Dont mess around the an IFA and keep control of th money yourself.

I would open up a new Stocks ans shares ISA.

I recommend Vanguard as its low cost and easy.
He is young so for something like the lifestraregy 80% equity fund.

But ajbell and several other have similar platforms and low fees.

Put the full 20k in and do it in YOUR NAME

Its clean and separate and you can give it to him as needs arise.
Think of it as a trust and you are the trustee.
This will prevent him blowing it up the wall and give you decent returns

Pinklightning · 26/02/2026 18:32

Wouldn’t that class as my own savings though? I’m on universal credit.

OP posts:
UnbeatenMum · 26/02/2026 19:46

Pinklightning · 26/02/2026 18:32

Wouldn’t that class as my own savings though? I’m on universal credit.

Yes, don't do that.

1apenny2apenny · 26/02/2026 21:19

Do not put it in your name! Look for the lowest cost platform which if you choose Vanguard, isn’t necessarily Vanguard. Look on Money Savings Expert or Money to the Masses.

Once he turns 18 they will write to him etc but you can carry on being involved in managing it.

VoiceFromThePit · 26/02/2026 23:08

Putting it in your name would be theft and void your UC, so all kinds of trouble.

You need to open an account in sons name. Either a Junior SIPP or a Junior Stocks & Shares ISA; or both.

You cannot avoid him having control of a savings account when he is 18, the “bank” will write to him when he is approaching 18 telling him about it and require him to setup a new password etc.

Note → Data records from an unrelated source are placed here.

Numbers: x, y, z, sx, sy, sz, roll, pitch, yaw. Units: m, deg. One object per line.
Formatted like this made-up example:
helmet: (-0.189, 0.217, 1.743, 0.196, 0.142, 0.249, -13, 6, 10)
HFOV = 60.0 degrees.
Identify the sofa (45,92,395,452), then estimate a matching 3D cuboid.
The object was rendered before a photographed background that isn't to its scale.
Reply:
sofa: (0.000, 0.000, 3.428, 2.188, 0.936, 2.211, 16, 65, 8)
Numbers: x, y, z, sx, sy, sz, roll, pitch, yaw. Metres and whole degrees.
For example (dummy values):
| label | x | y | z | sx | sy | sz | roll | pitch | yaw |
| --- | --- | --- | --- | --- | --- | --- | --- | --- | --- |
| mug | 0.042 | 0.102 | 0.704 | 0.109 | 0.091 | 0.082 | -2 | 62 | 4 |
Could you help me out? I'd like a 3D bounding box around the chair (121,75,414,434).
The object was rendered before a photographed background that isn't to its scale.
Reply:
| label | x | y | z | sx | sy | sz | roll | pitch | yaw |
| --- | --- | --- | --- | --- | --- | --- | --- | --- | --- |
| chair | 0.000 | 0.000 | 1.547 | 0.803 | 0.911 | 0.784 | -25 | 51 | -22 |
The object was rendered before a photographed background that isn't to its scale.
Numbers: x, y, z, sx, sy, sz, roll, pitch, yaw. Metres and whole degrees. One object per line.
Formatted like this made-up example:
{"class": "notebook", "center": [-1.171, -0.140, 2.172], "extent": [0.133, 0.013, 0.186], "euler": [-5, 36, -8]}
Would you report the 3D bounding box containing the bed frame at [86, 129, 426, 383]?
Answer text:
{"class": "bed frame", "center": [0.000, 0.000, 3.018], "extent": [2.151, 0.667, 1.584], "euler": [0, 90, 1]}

When it comes to investing, I can recommend the book “Money : Master the game” by Tony Robbins, but his advice would be the same as the advice Warren Buffett the worlds most successful investor gives to 95% of people:

Buy index tracker funds, they are low-cost and diversified. You can choose an american focused one such as an S&P500 Tracker or a UK one such as a FTSE100 tracker amongst others of course. You can put £9k in a Junior SIPP before April 5th and another £9k in a Junior SIPP after April 5th.

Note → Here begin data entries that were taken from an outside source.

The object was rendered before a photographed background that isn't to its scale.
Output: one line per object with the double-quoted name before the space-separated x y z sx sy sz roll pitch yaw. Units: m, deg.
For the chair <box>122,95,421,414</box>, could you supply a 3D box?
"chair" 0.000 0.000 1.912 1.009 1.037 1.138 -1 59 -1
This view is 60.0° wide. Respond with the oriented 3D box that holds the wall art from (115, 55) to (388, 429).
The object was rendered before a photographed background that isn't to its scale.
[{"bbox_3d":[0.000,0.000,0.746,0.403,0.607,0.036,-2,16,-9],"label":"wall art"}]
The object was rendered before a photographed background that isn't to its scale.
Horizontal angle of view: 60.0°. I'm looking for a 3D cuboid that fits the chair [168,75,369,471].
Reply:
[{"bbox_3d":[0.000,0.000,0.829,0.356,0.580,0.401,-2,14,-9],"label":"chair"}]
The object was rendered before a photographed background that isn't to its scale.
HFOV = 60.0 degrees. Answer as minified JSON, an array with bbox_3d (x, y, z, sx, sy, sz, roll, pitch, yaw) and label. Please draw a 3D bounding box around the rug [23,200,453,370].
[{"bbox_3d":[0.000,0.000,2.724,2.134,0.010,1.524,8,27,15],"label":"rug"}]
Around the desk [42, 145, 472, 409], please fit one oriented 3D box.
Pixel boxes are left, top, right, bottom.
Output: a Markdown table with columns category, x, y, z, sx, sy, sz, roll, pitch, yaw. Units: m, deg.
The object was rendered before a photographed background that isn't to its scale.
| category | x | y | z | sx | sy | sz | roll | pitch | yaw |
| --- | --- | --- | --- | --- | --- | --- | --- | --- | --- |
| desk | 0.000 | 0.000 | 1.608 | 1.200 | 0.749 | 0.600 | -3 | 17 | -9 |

If you have real worries about the age 18 access then maybe open a Junior SIPP (private pension) instead and put £2,880 in each year and HMRC will add £720. You can invest in the same things in a SIPP as you can in an ISA but he won’t be able to access it until in his late 50s.

Doing both ISA and SIPP spreads the risk a bit. If it was me I’d put £2,880 into a SIPP this year and another £2,880 next financial year (after April 5th). The remainder into a Junior Stocks&Shares ISA.

No-one knows what the future holds but I would ball-park or target for the investments doubling every 10 years if all continues as it has in the past. Of course this depends how it is invested, but that £20k invested now could become £640k when he is 61.

Is he a one marshmallow now boy or a 2 marshmallows if he waits until teatime boy? (wait until he’s 18 or wait until he’s 61). I appreciate you need to be led my the will stipulations.

I’m using Hargreaves Lansdown for my son and am happy with it.